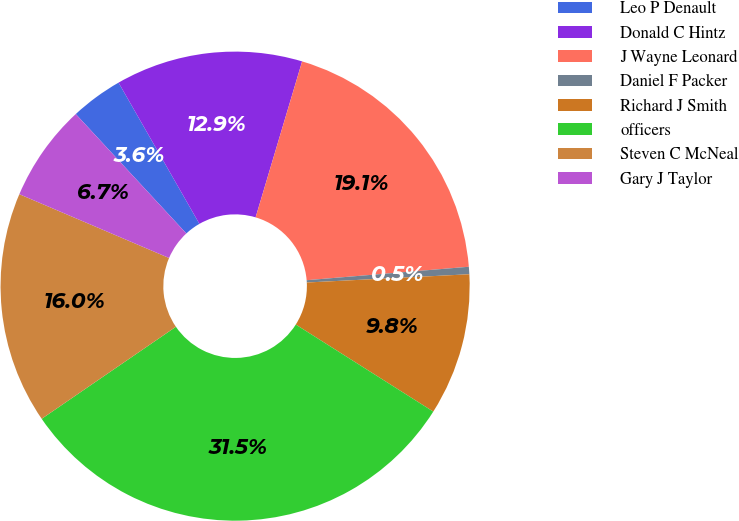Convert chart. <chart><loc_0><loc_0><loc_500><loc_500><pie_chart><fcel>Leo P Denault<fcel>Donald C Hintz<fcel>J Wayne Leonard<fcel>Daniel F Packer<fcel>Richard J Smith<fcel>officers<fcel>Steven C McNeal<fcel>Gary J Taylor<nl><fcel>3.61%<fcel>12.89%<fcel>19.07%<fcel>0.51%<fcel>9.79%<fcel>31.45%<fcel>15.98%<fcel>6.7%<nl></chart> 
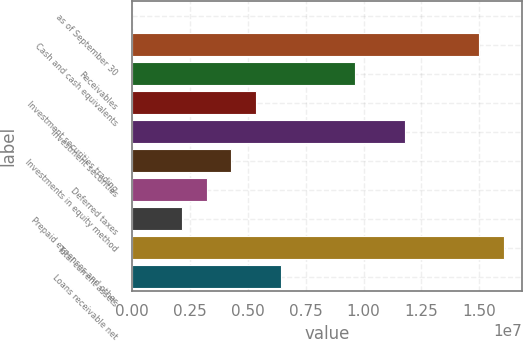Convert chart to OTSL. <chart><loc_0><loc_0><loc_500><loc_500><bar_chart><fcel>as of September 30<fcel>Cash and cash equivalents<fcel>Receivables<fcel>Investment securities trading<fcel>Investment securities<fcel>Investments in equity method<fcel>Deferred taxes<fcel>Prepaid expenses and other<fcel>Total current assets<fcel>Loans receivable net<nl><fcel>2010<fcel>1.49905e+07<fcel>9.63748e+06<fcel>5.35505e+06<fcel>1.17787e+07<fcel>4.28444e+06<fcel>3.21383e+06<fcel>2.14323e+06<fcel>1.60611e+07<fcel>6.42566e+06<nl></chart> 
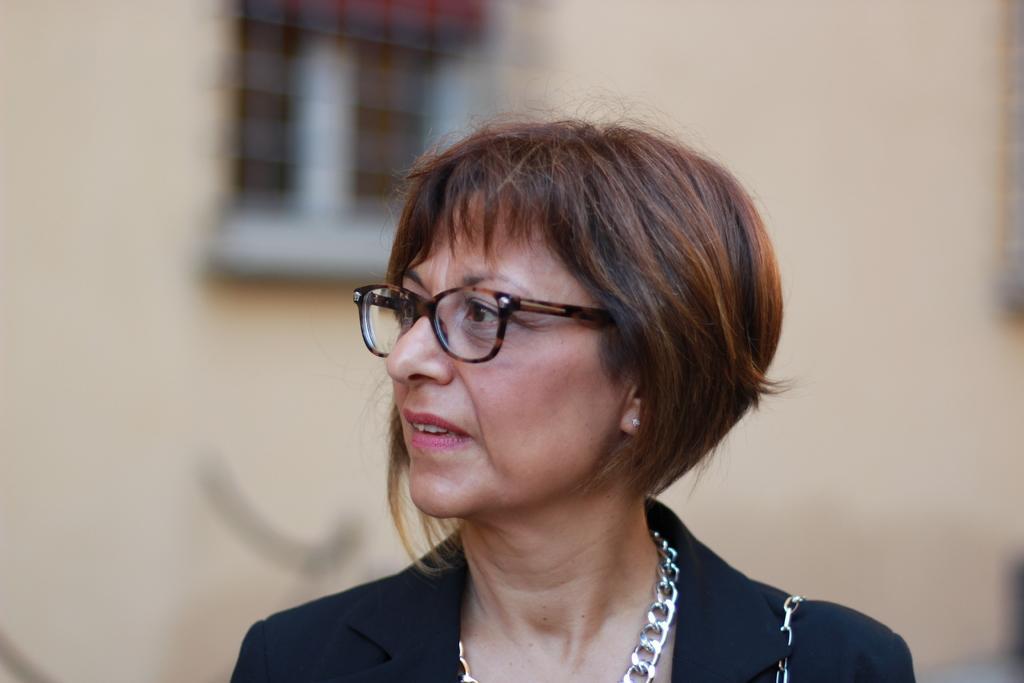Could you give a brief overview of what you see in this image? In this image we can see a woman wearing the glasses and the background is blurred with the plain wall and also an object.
==
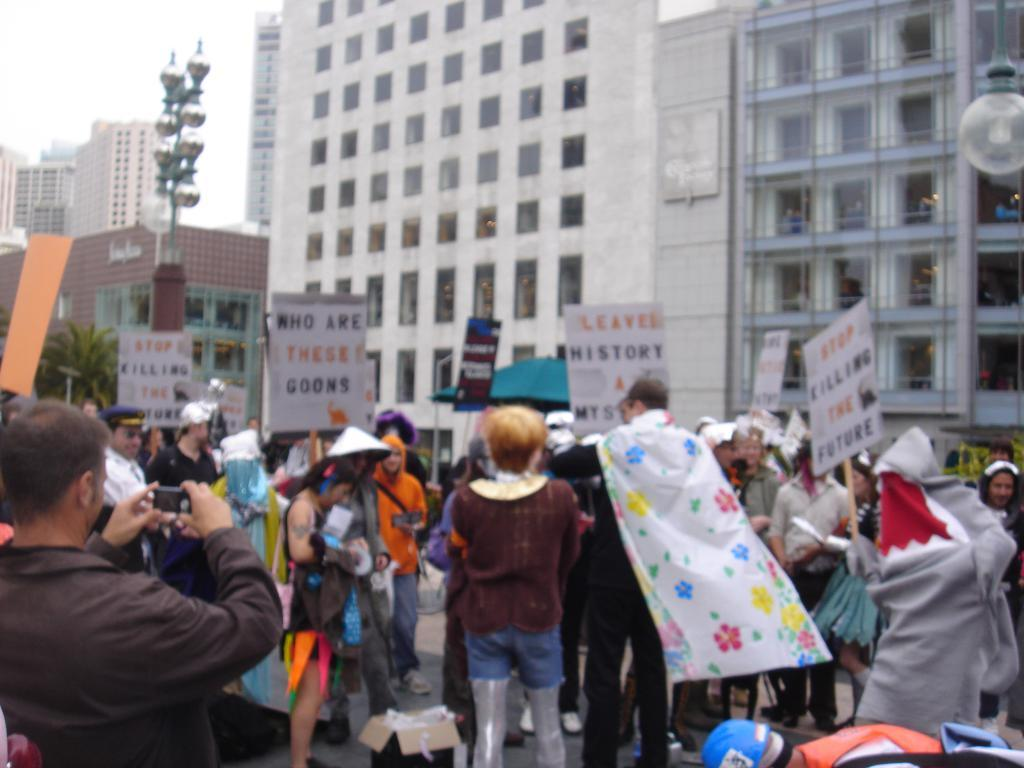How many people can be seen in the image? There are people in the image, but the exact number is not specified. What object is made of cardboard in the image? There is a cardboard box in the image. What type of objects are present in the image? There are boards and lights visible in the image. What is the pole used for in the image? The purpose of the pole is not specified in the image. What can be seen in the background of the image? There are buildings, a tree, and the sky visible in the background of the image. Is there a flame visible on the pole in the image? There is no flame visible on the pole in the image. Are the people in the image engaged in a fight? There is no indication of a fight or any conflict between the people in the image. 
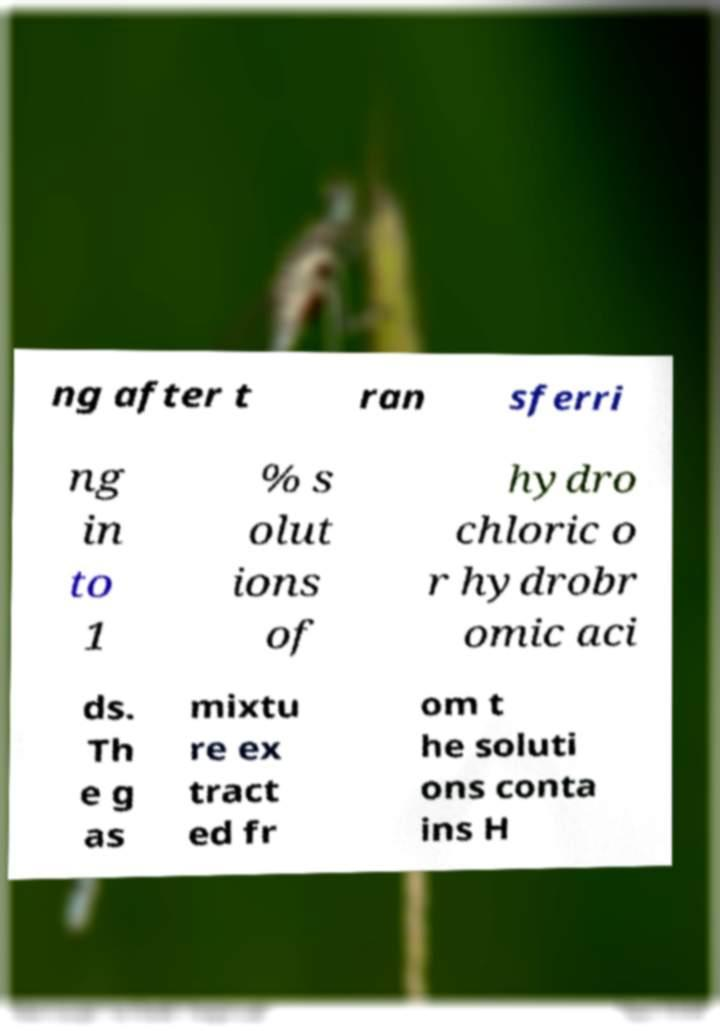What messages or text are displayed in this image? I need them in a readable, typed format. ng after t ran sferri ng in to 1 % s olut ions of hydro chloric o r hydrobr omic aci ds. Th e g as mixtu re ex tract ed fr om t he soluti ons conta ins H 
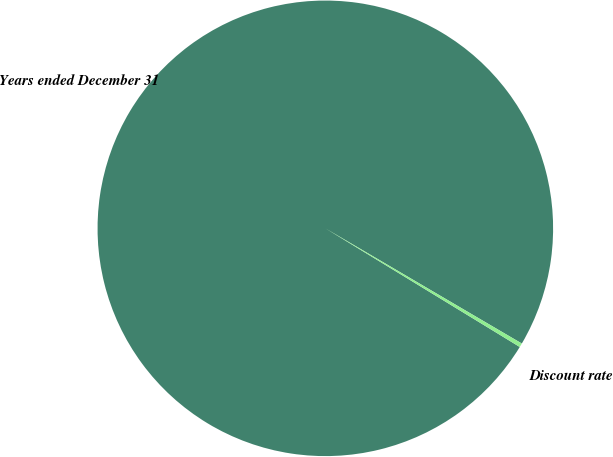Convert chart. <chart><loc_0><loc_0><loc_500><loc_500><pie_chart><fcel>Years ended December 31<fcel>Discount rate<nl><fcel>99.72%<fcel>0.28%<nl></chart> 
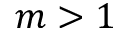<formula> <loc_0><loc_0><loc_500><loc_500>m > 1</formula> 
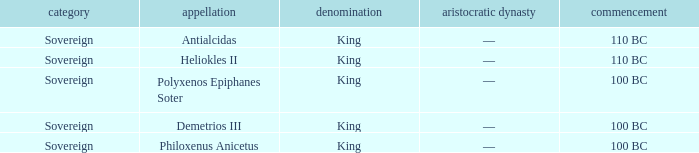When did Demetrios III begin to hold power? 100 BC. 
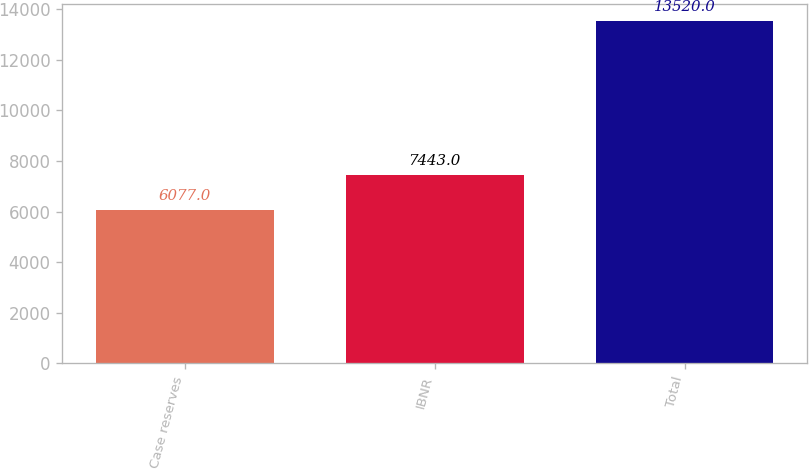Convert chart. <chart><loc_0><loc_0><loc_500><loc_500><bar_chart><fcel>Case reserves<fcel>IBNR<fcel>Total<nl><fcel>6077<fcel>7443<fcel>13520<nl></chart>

• _Exercise_
Whatever pictures the records hold, omit them; give again exactly the lines from the one containing "P Denault<fcel>Donald C" through the one containing "Could you give".

• _Exercise result_
Convert chart. <chart><loc_0><loc_0><loc_500><loc_500><pie_chart><fcel>Leo P Denault<fcel>Donald C Hintz<fcel>J Wayne Leonard<fcel>Daniel F Packer<fcel>Richard J Smith<fcel>officers<fcel>Steven C McNeal<fcel>Gary J Taylor<nl><fcel>3.61%<fcel>12.89%<fcel>19.07%<fcel>0.51%<fcel>9.79%<fcel>31.45%<fcel>15.98%<fcel>6.7%<nl></chart> 
Convert chart to OTSL. <chart><loc_0><loc_0><loc_500><loc_500><bar_chart><fcel>as of September 30<fcel>Cash and cash equivalents<fcel>Receivables<fcel>Investment securities trading<fcel>Investment securities<fcel>Investments in equity method<fcel>Deferred taxes<fcel>Prepaid expenses and other<fcel>Total current assets<fcel>Loans receivable net<nl><fcel>2010<fcel>1.49905e+07<fcel>9.63748e+06<fcel>5.35505e+06<fcel>1.17787e+07<fcel>4.28444e+06<fcel>3.21383e+06<fcel>2.14323e+06<fcel>1.60611e+07<fcel>6.42566e+06<nl></chart> 
Could you give a brief overview of what you see in this image? In this image we can see a woman wearing the glasses and the background is blurred with the plain wall and also an object.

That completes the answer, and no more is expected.